▸ Task to carry out: Copy nothing before the line containing "Q: Out of a". Reproduce that line and all that follow, exactly, through the end of the records.

▸ Records for this task:
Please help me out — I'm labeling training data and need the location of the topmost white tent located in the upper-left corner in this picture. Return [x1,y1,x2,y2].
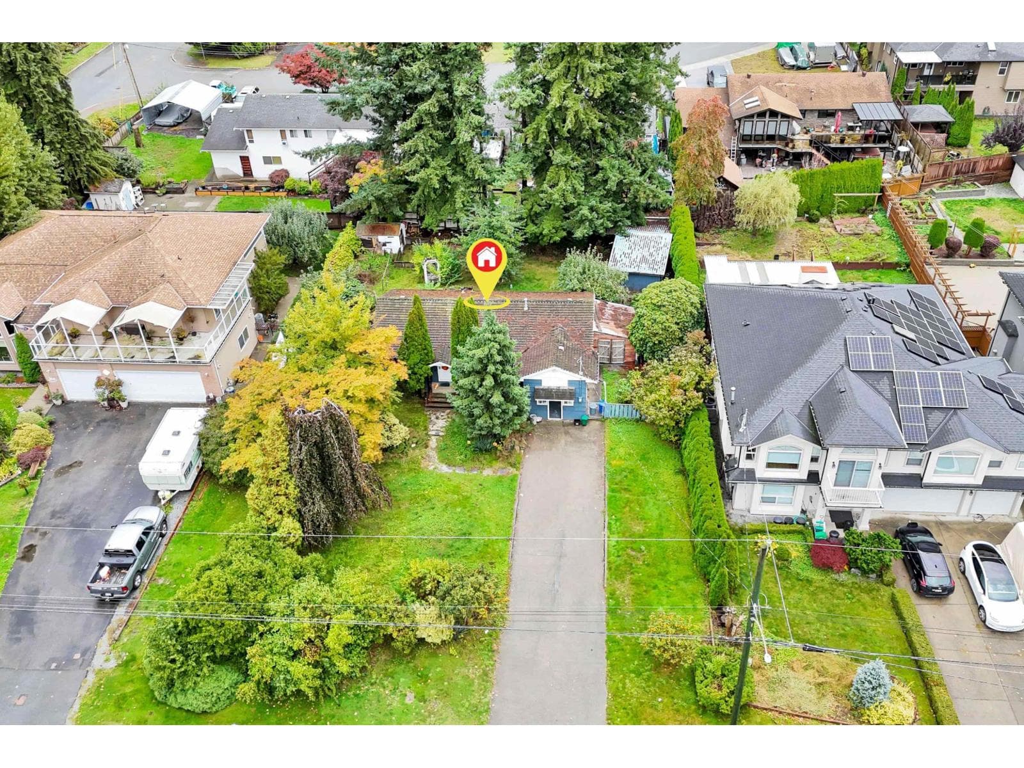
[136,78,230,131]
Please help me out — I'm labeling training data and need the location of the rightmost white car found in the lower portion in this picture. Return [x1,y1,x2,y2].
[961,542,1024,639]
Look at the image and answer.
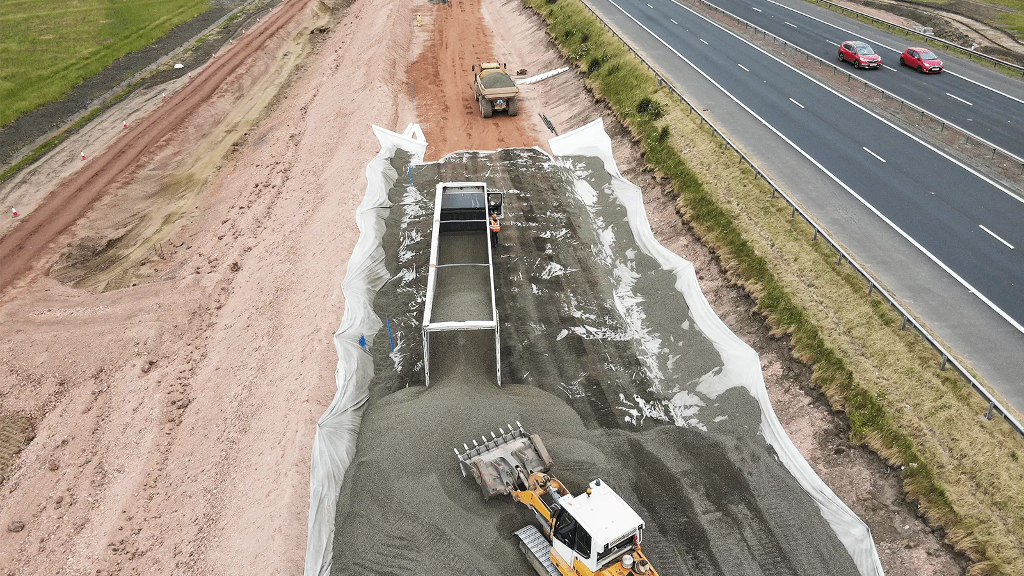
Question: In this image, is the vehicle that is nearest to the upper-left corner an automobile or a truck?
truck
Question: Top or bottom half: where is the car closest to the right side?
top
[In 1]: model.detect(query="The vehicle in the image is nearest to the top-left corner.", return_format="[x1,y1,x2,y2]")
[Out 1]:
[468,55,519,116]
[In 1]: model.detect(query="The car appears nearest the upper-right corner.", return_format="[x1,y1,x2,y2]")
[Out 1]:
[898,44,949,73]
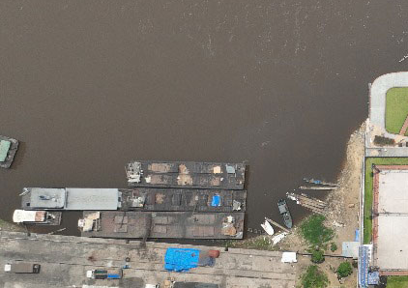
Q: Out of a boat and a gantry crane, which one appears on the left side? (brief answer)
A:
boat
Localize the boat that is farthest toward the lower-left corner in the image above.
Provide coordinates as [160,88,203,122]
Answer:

▸ Reply to the exercise:
Q: Out of a boat and a gantry crane, which one appears on the left side? (brief answer)
A:
boat
Localize the boat that is farthest toward the lower-left corner in the image above.
Provide coordinates as [160,88,203,122]
Answer:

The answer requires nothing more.